[Data extracted from a collection]
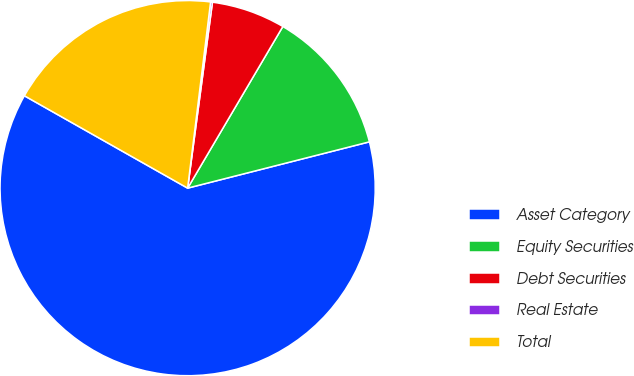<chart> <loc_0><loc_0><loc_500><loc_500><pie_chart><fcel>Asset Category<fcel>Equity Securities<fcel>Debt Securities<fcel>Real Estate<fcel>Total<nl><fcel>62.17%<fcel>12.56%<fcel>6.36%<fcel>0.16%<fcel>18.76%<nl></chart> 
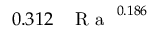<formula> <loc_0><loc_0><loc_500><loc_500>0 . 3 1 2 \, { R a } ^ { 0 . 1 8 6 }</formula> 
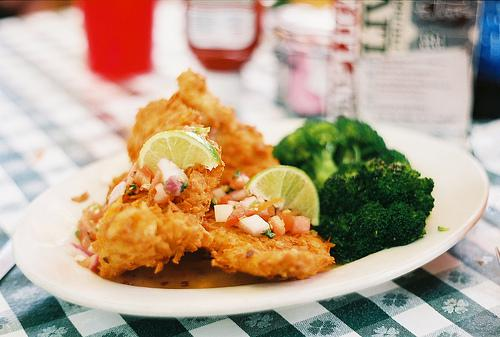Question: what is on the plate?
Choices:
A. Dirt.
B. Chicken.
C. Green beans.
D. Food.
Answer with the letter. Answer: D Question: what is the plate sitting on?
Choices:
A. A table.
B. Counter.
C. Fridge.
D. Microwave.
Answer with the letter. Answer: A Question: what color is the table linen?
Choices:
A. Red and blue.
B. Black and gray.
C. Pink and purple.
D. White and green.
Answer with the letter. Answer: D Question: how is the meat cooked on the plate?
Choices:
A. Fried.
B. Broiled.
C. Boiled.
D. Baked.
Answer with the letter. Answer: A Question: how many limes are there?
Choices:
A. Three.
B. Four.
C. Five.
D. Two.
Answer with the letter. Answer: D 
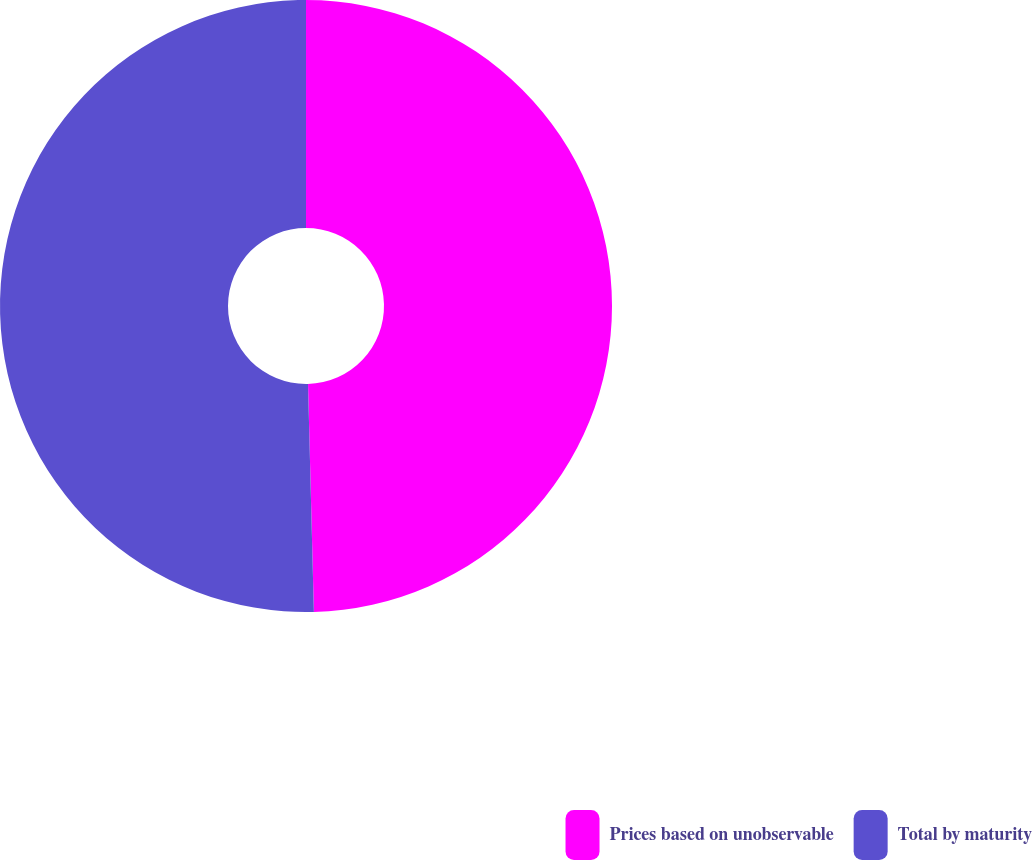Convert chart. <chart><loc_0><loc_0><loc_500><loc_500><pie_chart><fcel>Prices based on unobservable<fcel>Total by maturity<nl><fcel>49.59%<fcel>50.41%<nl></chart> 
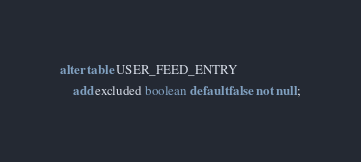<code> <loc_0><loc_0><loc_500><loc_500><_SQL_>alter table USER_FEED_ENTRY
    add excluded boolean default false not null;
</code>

...

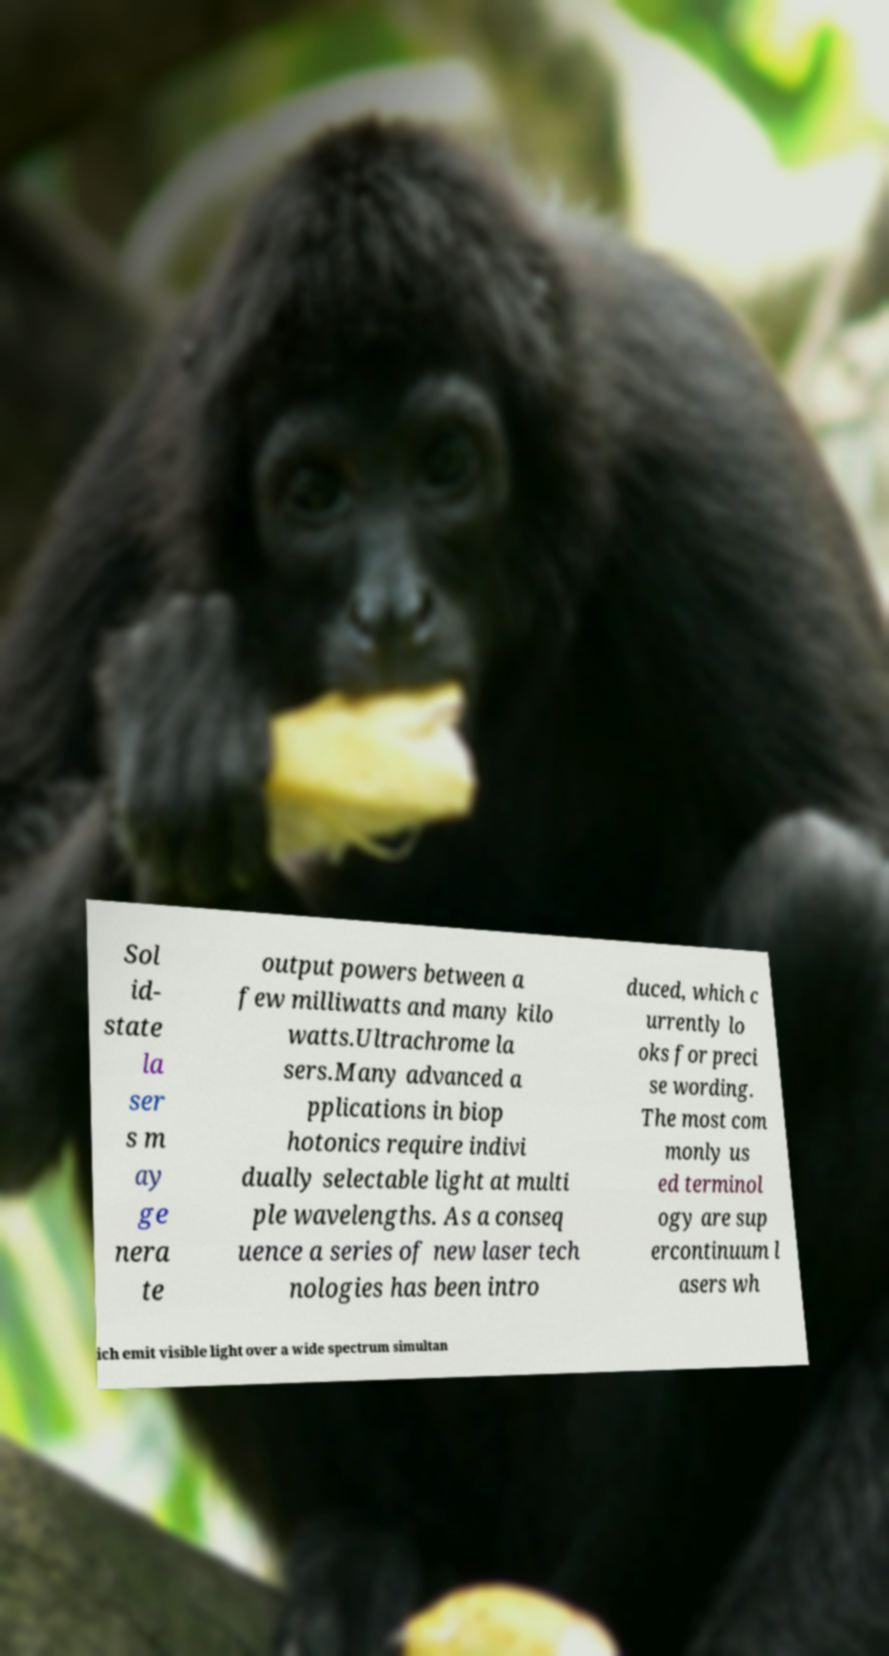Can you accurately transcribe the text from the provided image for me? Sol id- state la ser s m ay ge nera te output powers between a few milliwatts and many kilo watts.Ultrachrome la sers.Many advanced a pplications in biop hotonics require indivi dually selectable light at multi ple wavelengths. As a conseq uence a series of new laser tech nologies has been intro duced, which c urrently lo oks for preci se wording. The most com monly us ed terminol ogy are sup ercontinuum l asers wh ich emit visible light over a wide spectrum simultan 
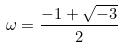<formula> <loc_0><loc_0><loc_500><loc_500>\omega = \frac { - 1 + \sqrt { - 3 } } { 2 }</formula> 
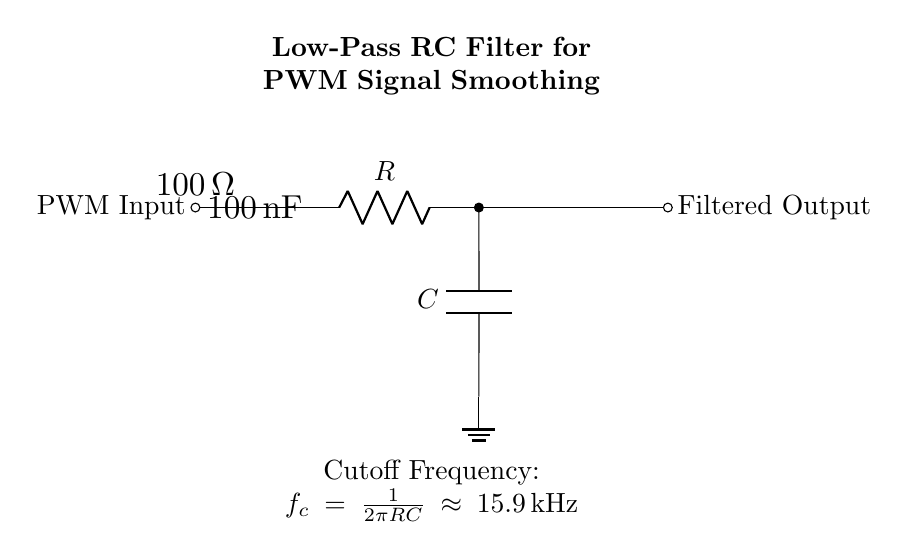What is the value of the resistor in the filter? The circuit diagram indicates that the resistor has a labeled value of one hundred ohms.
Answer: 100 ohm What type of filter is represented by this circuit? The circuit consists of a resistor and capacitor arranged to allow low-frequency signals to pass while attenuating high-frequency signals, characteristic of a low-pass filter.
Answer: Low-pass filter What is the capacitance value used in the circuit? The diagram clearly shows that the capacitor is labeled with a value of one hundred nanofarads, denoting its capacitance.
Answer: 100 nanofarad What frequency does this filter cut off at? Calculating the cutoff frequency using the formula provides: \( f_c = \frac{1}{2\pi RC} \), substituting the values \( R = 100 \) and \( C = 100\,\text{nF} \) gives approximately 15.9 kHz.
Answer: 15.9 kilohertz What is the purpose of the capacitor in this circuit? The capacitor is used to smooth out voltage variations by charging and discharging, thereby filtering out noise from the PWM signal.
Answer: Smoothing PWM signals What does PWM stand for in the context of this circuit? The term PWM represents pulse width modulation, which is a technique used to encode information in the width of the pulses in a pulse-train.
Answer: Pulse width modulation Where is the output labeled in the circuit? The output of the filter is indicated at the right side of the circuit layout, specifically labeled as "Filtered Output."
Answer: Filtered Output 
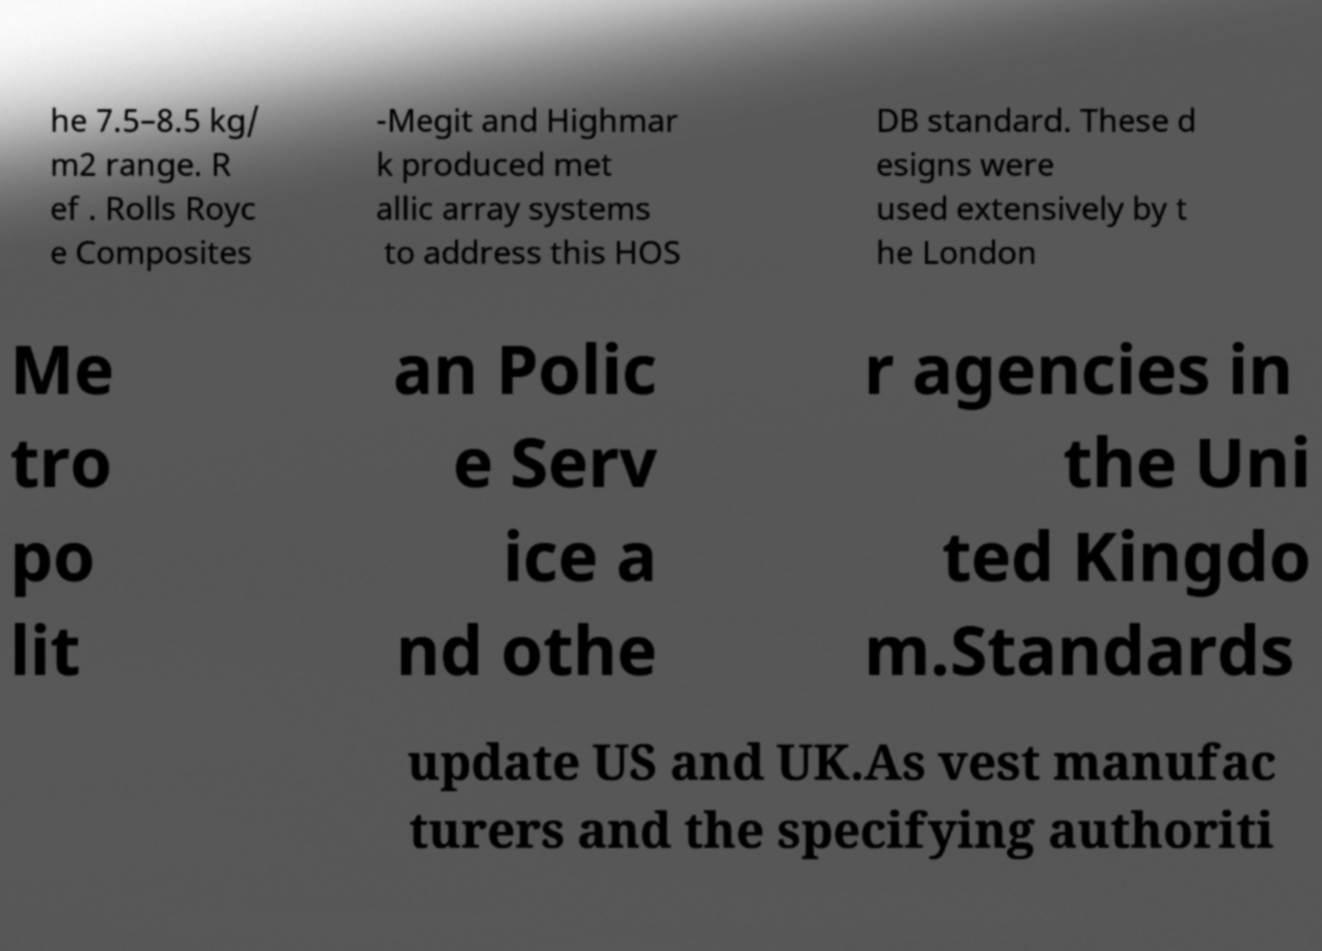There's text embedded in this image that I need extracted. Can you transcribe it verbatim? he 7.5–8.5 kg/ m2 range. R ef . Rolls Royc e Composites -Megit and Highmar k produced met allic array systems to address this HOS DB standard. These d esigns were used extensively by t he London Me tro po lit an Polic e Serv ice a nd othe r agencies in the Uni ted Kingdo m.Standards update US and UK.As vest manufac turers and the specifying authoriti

> Task brief
The word "with" may occur in lines of the records. Report how many such lines there are, giving only the number.

> Expected answer
6